(PROVIDED DATA)
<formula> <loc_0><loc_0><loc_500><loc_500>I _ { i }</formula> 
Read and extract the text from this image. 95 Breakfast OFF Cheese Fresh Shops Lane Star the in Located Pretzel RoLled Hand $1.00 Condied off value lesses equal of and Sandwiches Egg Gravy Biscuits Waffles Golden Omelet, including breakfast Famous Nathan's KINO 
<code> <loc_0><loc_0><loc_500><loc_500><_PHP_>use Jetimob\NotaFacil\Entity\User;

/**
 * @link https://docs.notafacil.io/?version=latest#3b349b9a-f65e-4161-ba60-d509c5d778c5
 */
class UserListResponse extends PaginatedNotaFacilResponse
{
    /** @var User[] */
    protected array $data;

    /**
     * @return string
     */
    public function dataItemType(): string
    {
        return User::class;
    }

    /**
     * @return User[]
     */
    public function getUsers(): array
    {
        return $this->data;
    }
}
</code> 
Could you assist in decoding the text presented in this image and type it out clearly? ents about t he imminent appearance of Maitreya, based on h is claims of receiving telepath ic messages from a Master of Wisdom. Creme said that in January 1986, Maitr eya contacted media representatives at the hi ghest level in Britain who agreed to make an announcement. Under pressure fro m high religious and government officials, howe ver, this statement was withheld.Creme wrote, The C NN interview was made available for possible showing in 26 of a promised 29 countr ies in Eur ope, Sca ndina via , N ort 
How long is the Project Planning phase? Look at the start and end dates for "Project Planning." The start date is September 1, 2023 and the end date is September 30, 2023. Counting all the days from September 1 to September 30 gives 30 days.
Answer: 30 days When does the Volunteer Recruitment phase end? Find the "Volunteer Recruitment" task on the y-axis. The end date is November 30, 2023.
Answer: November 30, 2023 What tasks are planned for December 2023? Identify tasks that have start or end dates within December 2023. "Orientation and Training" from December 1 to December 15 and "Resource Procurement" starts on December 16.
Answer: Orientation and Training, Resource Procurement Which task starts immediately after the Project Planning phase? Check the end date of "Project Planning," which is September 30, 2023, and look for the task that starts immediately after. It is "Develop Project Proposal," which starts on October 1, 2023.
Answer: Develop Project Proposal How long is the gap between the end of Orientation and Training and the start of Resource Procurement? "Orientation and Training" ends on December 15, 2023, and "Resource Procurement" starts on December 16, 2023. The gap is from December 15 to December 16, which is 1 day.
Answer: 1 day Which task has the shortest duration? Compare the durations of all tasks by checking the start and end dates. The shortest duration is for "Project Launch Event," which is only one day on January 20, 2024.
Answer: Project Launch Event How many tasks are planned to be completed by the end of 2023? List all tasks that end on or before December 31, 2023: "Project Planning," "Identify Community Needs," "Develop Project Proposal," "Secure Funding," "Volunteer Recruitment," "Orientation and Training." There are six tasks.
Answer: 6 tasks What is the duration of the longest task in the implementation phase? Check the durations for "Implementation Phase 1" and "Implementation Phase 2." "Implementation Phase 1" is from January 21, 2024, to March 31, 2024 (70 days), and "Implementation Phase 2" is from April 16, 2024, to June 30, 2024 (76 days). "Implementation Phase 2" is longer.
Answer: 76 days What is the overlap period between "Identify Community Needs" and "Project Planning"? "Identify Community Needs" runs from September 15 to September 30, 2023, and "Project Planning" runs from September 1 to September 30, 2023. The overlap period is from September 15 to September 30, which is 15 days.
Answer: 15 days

(TRY IT) Reproduce every record that appears above, keeping the wording exact.

(EXERCISE RESPONSE)
<formula> <loc_0><loc_0><loc_500><loc_500>I _ { i }</formula> 
Read and extract the text from this image. 95 Breakfast OFF Cheese Fresh Shops Lane Star the in Located Pretzel RoLled Hand $1.00 Condied off value lesses equal of and Sandwiches Egg Gravy Biscuits Waffles Golden Omelet, including breakfast Famous Nathan's KINO 
<code> <loc_0><loc_0><loc_500><loc_500><_PHP_>use Jetimob\NotaFacil\Entity\User;

/**
 * @link https://docs.notafacil.io/?version=latest#3b349b9a-f65e-4161-ba60-d509c5d778c5
 */
class UserListResponse extends PaginatedNotaFacilResponse
{
    /** @var User[] */
    protected array $data;

    /**
     * @return string
     */
    public function dataItemType(): string
    {
        return User::class;
    }

    /**
     * @return User[]
     */
    public function getUsers(): array
    {
        return $this->data;
    }
}
</code> 
Could you assist in decoding the text presented in this image and type it out clearly? ents about t he imminent appearance of Maitreya, based on h is claims of receiving telepath ic messages from a Master of Wisdom. Creme said that in January 1986, Maitr eya contacted media representatives at the hi ghest level in Britain who agreed to make an announcement. Under pressure fro m high religious and government officials, howe ver, this statement was withheld.Creme wrote, The C NN interview was made available for possible showing in 26 of a promised 29 countr ies in Eur ope, Sca ndina via , N ort 
How long is the Project Planning phase? Look at the start and end dates for "Project Planning." The start date is September 1, 2023 and the end date is September 30, 2023. Counting all the days from September 1 to September 30 gives 30 days.
Answer: 30 days When does the Volunteer Recruitment phase end? Find the "Volunteer Recruitment" task on the y-axis. The end date is November 30, 2023.
Answer: November 30, 2023 What tasks are planned for December 2023? Identify tasks that have start or end dates within December 2023. "Orientation and Training" from December 1 to December 15 and "Resource Procurement" starts on December 16.
Answer: Orientation and Training, Resource Procurement Which task starts immediately after the Project Planning phase? Check the end date of "Project Planning," which is September 30, 2023, and look for the task that starts immediately after. It is "Develop Project Proposal," which starts on October 1, 2023.
Answer: Develop Project Proposal How long is the gap between the end of Orientation and Training and the start of Resource Procurement? "Orientation and Training" ends on December 15, 2023, and "Resource Procurement" starts on December 16, 2023. The gap is from December 15 to December 16, which is 1 day.
Answer: 1 day Which task has the shortest duration? Compare the durations of all tasks by checking the start and end dates. The shortest duration is for "Project Launch Event," which is only one day on January 20, 2024.
Answer: Project Launch Event How many tasks are planned to be completed by the end of 2023? List all tasks that end on or before December 31, 2023: "Project Planning," "Identify Community Needs," "Develop Project Proposal," "Secure Funding," "Volunteer Recruitment," "Orientation and Training." There are six tasks.
Answer: 6 tasks What is the duration of the longest task in the implementation phase? Check the durations for "Implementation Phase 1" and "Implementation Phase 2." "Implementation Phase 1" is from January 21, 2024, to March 31, 2024 (70 days), and "Implementation Phase 2" is from April 16, 2024, to June 30, 2024 (76 days). "Implementation Phase 2" is longer.
Answer: 76 days What is the overlap period between "Identify Community Needs" and "Project Planning"? "Identify Community Needs" runs from September 15 to September 30, 2023, and "Project Planning" runs from September 1 to September 30, 2023. The overlap period is from September 15 to September 30, which is 15 days.
Answer: 15 days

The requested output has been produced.